Woke one morning to find my kitchen window had two long scratched down the centre. The rest of the window and frame was OK so it wasn’t intruders. We now believe it to be Magpies fighting as they are so aggressive at the moment and spend most of the day stutting around my back garden. If a stray bird dares to land, they attack and there is an awful battle some times two against one. I have stopped putting food out for the birds for a while, hoping they will go away.
Brilliant Poetry Nights at the Howcroft Bolton and the Boars Head Middleton, both nights exceptional. It is National Poetry Day on the 9th October I always submit a poem to be displayed in the local Libraries around the town . This year the theme is Work. There is a exhibition at the Museum of Humphrey Spender photographs 1930 & 1940 . I spent a few hours enjoying the displays and watching archive footage of old Bolton looking for inspiration . It really took me back to my childhood, seeing the town as it was and witnessing events that had been over the past sixty plus years. I am not going to mention the weather. Its still bad.

Market Information
http://www.bolton.gov.uk/portal/page?_pageid=367,128731&_dad=portal92&_schema=PORTAL92

Visit Spenders website
http://spender.boltonmuseums.org.uk/index.html

My Poem for National Poetry Day inspired by Spender`s photographs.

King Cotton

In bygone years times where hard
For men, women and children at work
In the Cotton Mills
Of Lancashire.
Industrial Revolution built
Distinctive towns of tall chimneys
Belching soot and smoke
Into the sky with menace.

Whole families toiled
Amidst the heat dust and noise.
Machinery and men
Processed the cotton.
Raw cotton picked by slaves
In searing sun and servitude.
Shipped across the sea.
Combed and spun in
Hot Humid unhealthy
Environment, ideal for the cotton
But not the workers.

Long days without daylight,
Fresh air denied.
The endless drumming of machines,
The pounding of the belts and pulleys
Detrimental and deafening .
A constant fluttering of fine fibres
Float in the air
Clogging lungs.
Accidents a common feature
Of cleaned machinery, that did not stop.

Clothes and hair
Festooned like Christmas ornaments
A permanent reminder to all
Of who they were.
Hooters heard throughout the town
Called the workers,
Equally strident
Released them.
The huge steam engine stilled.
Machines rumbled to silence,
Cog wheels coaxed singing belts to stop.
Rooms became quiet, as Cathedrals.
Lines of weary workers
Clogs on cobbles
Shuffle by like a defeated army in retreat.

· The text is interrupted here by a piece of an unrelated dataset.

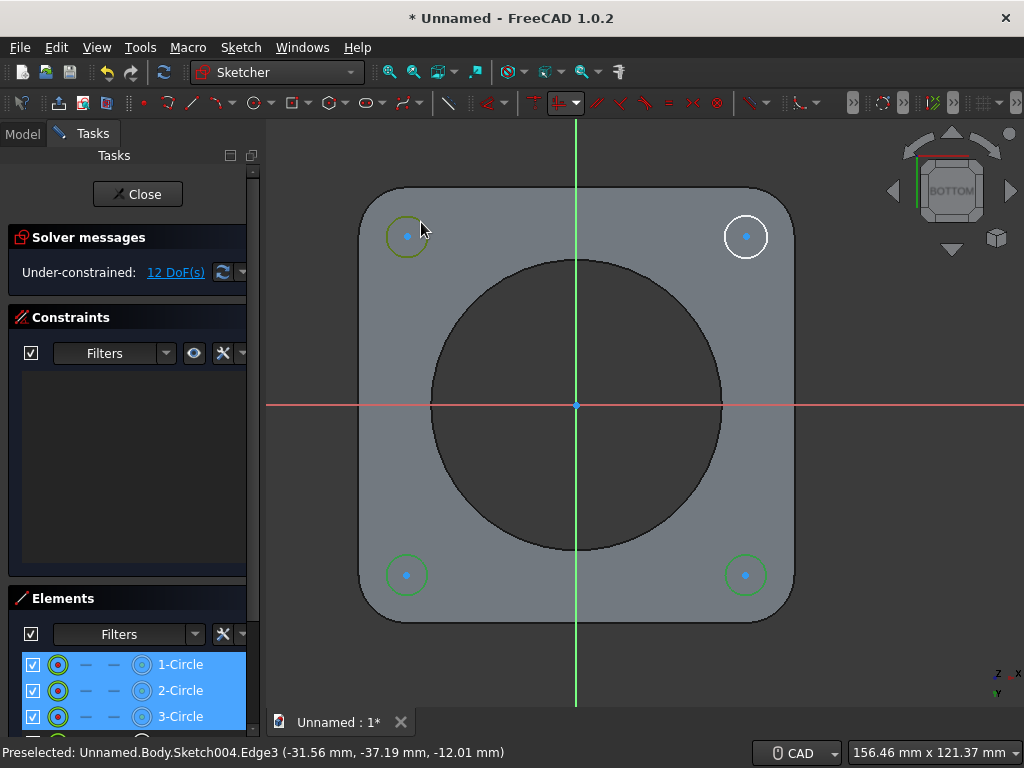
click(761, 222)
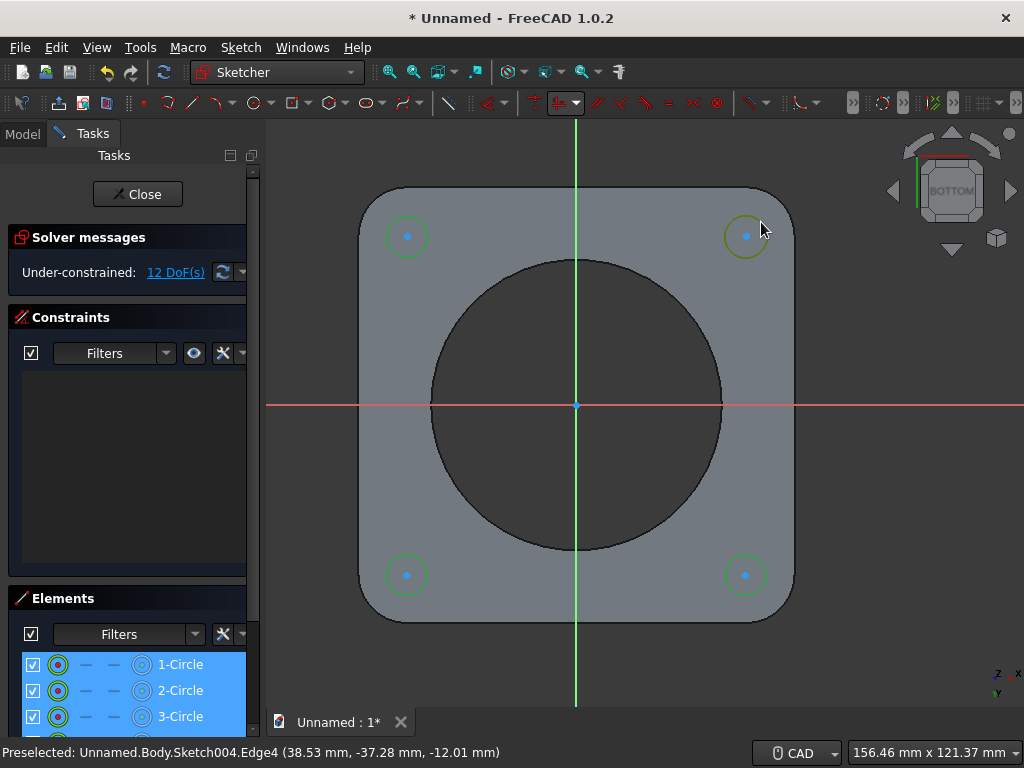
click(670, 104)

Mills at night like ships at sea
Windows ablaze,
The steady beat of the pistons
Heard throughout streets of
Terraced houses, row after row.
A depressive reflection of life
In cotton towns.
Poverty and harsh times, forcing
Children and women
To take the industrial treadmill
That made Cotton King and Cotton Barons rich.

And did those feet in bygone years
Walk upon Northern cobble streets.
And did the mighty engines roar
In all those dark satanic mills.
And did those rich Cotton Barons
Live well, in English pastures green.